A cabeça de Santos apareceu logo, com as suíças curtas, o cabelo rente, o bigode rapado. Era homem simpático. Quieto, não ficava mal. A agitação com que chegou, parou e falou, tirou-lhe a gravidade com que ia no carro, as mãos postas sobre o castão de ouro da bengala, e a bengala entre os joelhos. — Então? então? perguntou. — Logo digo. — Mas que foi? — Logo. — Bem ou mal? Dize só se bem. — Bem. Coisas futuras. — É pessoa séria? — Séria, sim; até logo, repetiu Natividade estendendo-lhe os dedos.

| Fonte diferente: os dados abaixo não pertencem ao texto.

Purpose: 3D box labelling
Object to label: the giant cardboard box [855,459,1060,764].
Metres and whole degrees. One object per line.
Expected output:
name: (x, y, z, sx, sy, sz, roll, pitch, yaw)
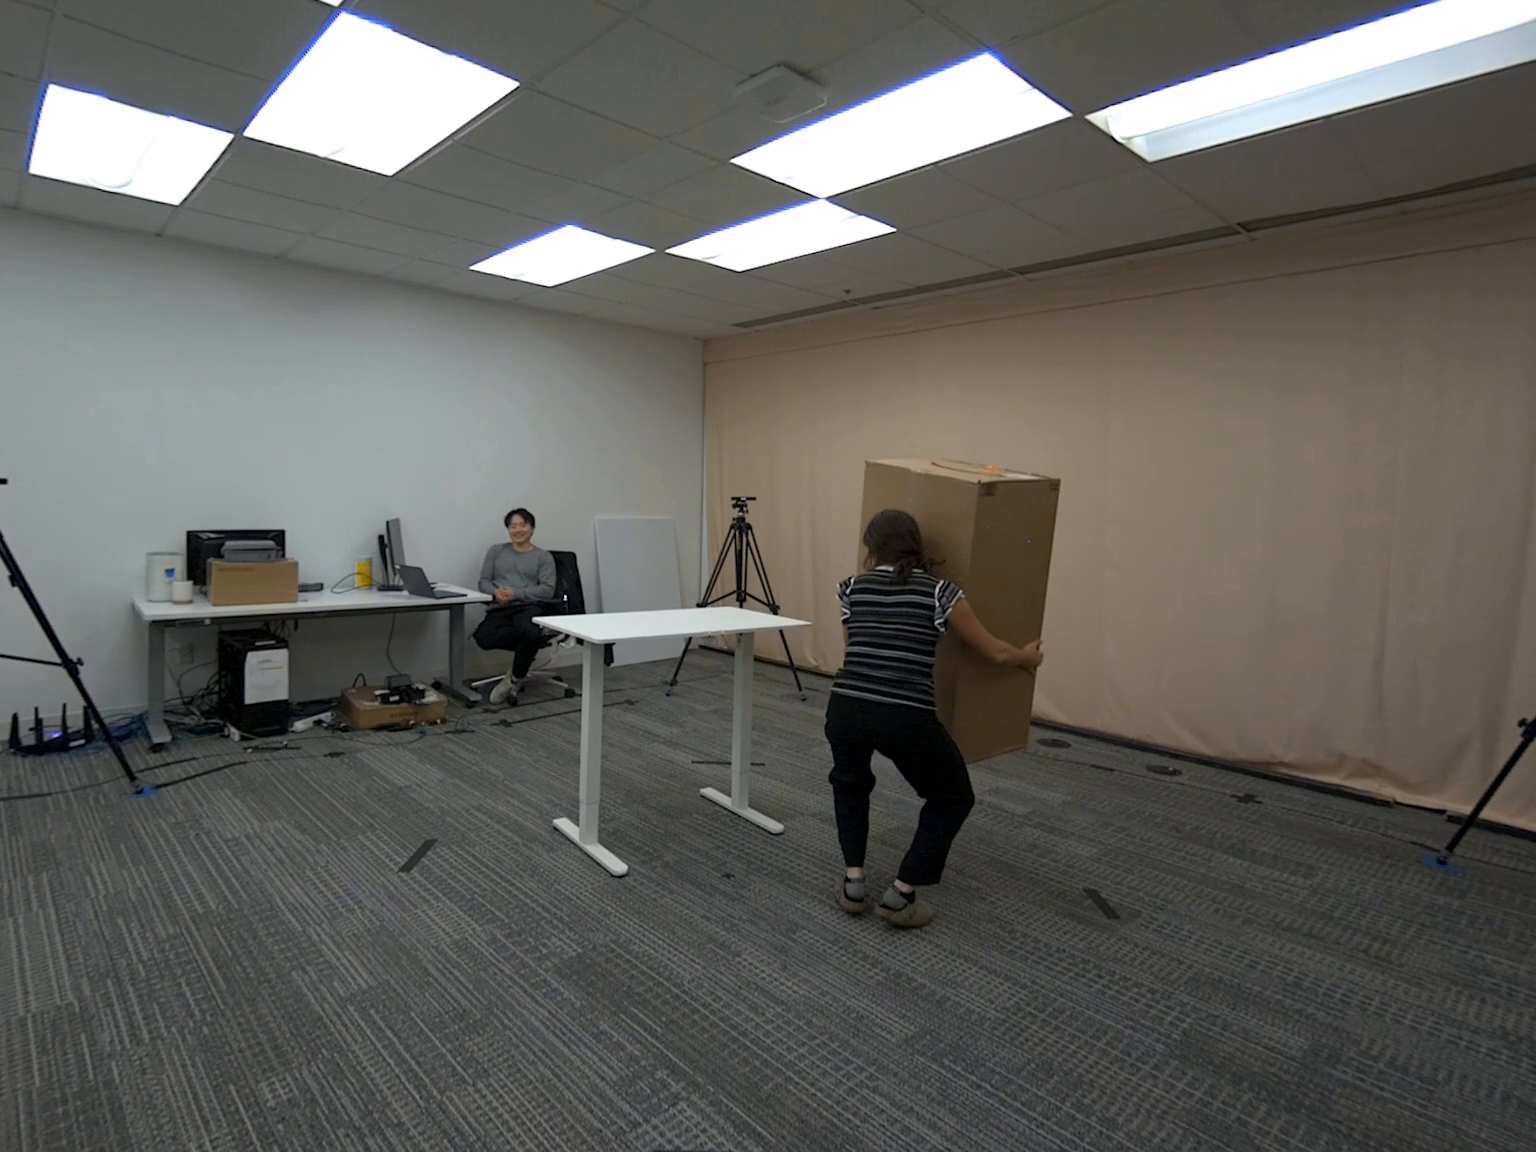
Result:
giant cardboard box: (0.672, 0.102, 3.193, 0.418, 1.017, 0.594, -5, 15, -34)

Mas o marido não podia despegar-se do coupé; queria saber ali mesmo tudo, as perguntas e as respostas, a gente que lá estava à espera, e se era o mesmo destino para os dois, ou se cada um tinha o seu. Nada disso foi escrito como aqui vai, devagar, para que a ruim letra do autor não faça mal à sua prosa. Não, senhor; as palavras de Santos saíram de atropelo, umas sobre outras, embrulhadas, sem princípio ou sem fim. A bela esposa tinha já as orelhas tão afeitas ao falar do marido, mormente em lances de emoção ou curiosidade, que entendia tudo, e ia dizendo que não. A cabeça e o dedo sublinhavam a negativa.
Santos não teve remédio e despediu-se.
Em caminho, advertiu que, não crendo na cabocla, era ocioso instar pela predição. Era mais; era dar razão à mulher. Prometeu não indagar nada quando voltasse. Não prometeu esquecer, e daí a teima com que pensou muitas vezes no oráculo. De resto, elas lhe diriam tudo sem que ele perguntasse nada, e esta certeza trouxe a paz do dia.